** Opening Dataset extract block **
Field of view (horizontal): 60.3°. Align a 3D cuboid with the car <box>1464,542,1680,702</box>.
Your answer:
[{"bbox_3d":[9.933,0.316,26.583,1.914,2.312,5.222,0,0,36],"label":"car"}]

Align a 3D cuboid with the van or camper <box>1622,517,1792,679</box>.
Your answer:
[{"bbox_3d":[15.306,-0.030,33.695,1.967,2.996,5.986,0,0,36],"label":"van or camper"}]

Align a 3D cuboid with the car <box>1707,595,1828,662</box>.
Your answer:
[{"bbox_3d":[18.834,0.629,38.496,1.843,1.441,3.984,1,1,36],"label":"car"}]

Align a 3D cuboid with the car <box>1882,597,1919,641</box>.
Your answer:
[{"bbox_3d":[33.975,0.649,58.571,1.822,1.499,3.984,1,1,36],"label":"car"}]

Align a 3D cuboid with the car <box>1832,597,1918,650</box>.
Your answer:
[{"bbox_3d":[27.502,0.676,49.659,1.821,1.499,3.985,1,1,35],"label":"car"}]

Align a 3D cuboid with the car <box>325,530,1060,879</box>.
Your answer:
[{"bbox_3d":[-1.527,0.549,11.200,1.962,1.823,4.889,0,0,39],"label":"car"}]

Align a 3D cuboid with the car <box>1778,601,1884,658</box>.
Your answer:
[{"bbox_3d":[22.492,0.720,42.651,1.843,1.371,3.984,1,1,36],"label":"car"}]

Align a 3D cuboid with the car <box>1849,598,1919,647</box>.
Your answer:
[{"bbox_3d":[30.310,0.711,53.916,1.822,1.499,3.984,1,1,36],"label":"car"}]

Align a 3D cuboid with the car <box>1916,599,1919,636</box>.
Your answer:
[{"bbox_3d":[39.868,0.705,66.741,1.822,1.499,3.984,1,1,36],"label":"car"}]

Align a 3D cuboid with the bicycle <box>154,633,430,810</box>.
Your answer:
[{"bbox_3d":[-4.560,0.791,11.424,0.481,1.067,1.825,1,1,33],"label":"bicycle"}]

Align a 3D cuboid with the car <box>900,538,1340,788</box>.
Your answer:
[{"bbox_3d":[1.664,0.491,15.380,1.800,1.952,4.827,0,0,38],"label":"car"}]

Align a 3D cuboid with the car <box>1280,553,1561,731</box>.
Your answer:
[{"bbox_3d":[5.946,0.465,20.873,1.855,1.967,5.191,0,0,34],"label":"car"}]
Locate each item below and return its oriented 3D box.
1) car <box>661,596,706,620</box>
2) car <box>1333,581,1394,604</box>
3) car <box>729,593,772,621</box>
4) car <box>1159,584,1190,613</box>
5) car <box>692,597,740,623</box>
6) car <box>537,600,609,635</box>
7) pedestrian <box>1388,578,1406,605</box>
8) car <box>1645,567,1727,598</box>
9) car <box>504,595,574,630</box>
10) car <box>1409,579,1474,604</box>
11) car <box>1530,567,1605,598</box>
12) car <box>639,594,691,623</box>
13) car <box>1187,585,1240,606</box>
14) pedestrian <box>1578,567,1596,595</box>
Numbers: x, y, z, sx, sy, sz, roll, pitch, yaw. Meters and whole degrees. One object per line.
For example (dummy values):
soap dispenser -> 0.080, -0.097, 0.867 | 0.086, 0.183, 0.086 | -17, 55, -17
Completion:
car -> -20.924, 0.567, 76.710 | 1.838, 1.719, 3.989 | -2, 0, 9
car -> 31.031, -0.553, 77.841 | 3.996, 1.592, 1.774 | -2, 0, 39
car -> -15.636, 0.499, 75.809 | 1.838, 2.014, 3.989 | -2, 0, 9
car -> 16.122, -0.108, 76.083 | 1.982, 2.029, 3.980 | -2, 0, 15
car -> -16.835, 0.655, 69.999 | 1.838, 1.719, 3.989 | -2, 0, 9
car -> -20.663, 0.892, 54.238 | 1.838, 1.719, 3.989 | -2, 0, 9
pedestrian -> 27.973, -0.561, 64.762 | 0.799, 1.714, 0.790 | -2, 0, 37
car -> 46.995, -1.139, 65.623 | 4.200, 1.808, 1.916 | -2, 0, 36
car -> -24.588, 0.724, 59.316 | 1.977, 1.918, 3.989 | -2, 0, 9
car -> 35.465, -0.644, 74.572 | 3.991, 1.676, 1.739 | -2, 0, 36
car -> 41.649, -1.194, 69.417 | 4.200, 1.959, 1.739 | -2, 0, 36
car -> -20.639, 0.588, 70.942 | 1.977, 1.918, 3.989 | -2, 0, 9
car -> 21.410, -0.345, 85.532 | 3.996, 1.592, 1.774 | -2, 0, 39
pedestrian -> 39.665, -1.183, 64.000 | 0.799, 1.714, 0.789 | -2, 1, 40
** Closing Dataset extract block **
About this task: All lines above should be output verbatim.

The completed task:
Field of view (horizontal): 60.3°. Align a 3D cuboid with the car <box>1464,542,1680,702</box>.
Your answer:
[{"bbox_3d":[9.933,0.316,26.583,1.914,2.312,5.222,0,0,36],"label":"car"}]

Align a 3D cuboid with the van or camper <box>1622,517,1792,679</box>.
Your answer:
[{"bbox_3d":[15.306,-0.030,33.695,1.967,2.996,5.986,0,0,36],"label":"van or camper"}]

Align a 3D cuboid with the car <box>1707,595,1828,662</box>.
Your answer:
[{"bbox_3d":[18.834,0.629,38.496,1.843,1.441,3.984,1,1,36],"label":"car"}]

Align a 3D cuboid with the car <box>1882,597,1919,641</box>.
Your answer:
[{"bbox_3d":[33.975,0.649,58.571,1.822,1.499,3.984,1,1,36],"label":"car"}]

Align a 3D cuboid with the car <box>1832,597,1918,650</box>.
Your answer:
[{"bbox_3d":[27.502,0.676,49.659,1.821,1.499,3.985,1,1,35],"label":"car"}]

Align a 3D cuboid with the car <box>325,530,1060,879</box>.
Your answer:
[{"bbox_3d":[-1.527,0.549,11.200,1.962,1.823,4.889,0,0,39],"label":"car"}]

Align a 3D cuboid with the car <box>1778,601,1884,658</box>.
Your answer:
[{"bbox_3d":[22.492,0.720,42.651,1.843,1.371,3.984,1,1,36],"label":"car"}]

Align a 3D cuboid with the car <box>1849,598,1919,647</box>.
Your answer:
[{"bbox_3d":[30.310,0.711,53.916,1.822,1.499,3.984,1,1,36],"label":"car"}]

Align a 3D cuboid with the car <box>1916,599,1919,636</box>.
Your answer:
[{"bbox_3d":[39.868,0.705,66.741,1.822,1.499,3.984,1,1,36],"label":"car"}]

Align a 3D cuboid with the bicycle <box>154,633,430,810</box>.
Your answer:
[{"bbox_3d":[-4.560,0.791,11.424,0.481,1.067,1.825,1,1,33],"label":"bicycle"}]

Align a 3D cuboid with the car <box>900,538,1340,788</box>.
Your answer:
[{"bbox_3d":[1.664,0.491,15.380,1.800,1.952,4.827,0,0,38],"label":"car"}]

Align a 3D cuboid with the car <box>1280,553,1561,731</box>.
Your answer:
[{"bbox_3d":[5.946,0.465,20.873,1.855,1.967,5.191,0,0,34],"label":"car"}]
Locate each item below and return its oriented 3D box.
1) car <box>661,596,706,620</box>
2) car <box>1333,581,1394,604</box>
3) car <box>729,593,772,621</box>
4) car <box>1159,584,1190,613</box>
5) car <box>692,597,740,623</box>
6) car <box>537,600,609,635</box>
7) pedestrian <box>1388,578,1406,605</box>
8) car <box>1645,567,1727,598</box>
9) car <box>504,595,574,630</box>
10) car <box>1409,579,1474,604</box>
11) car <box>1530,567,1605,598</box>
12) car <box>639,594,691,623</box>
13) car <box>1187,585,1240,606</box>
14) pedestrian <box>1578,567,1596,595</box>
Numbers: x, y, z, sx, sy, sz, roll, pitch, yaw. Meters and whole degrees. One object per line.
For example (dummy values):
soap dispenser -> 0.080, -0.097, 0.867 | 0.086, 0.183, 0.086 | -17, 55, -17
Completion:
car -> -20.924, 0.567, 76.710 | 1.838, 1.719, 3.989 | -2, 0, 9
car -> 31.031, -0.553, 77.841 | 3.996, 1.592, 1.774 | -2, 0, 39
car -> -15.636, 0.499, 75.809 | 1.838, 2.014, 3.989 | -2, 0, 9
car -> 16.122, -0.108, 76.083 | 1.982, 2.029, 3.980 | -2, 0, 15
car -> -16.835, 0.655, 69.999 | 1.838, 1.719, 3.989 | -2, 0, 9
car -> -20.663, 0.892, 54.238 | 1.838, 1.719, 3.989 | -2, 0, 9
pedestrian -> 27.973, -0.561, 64.762 | 0.799, 1.714, 0.790 | -2, 0, 37
car -> 46.995, -1.139, 65.623 | 4.200, 1.808, 1.916 | -2, 0, 36
car -> -24.588, 0.724, 59.316 | 1.977, 1.918, 3.989 | -2, 0, 9
car -> 35.465, -0.644, 74.572 | 3.991, 1.676, 1.739 | -2, 0, 36
car -> 41.649, -1.194, 69.417 | 4.200, 1.959, 1.739 | -2, 0, 36
car -> -20.639, 0.588, 70.942 | 1.977, 1.918, 3.989 | -2, 0, 9
car -> 21.410, -0.345, 85.532 | 3.996, 1.592, 1.774 | -2, 0, 39
pedestrian -> 39.665, -1.183, 64.000 | 0.799, 1.714, 0.789 | -2, 1, 40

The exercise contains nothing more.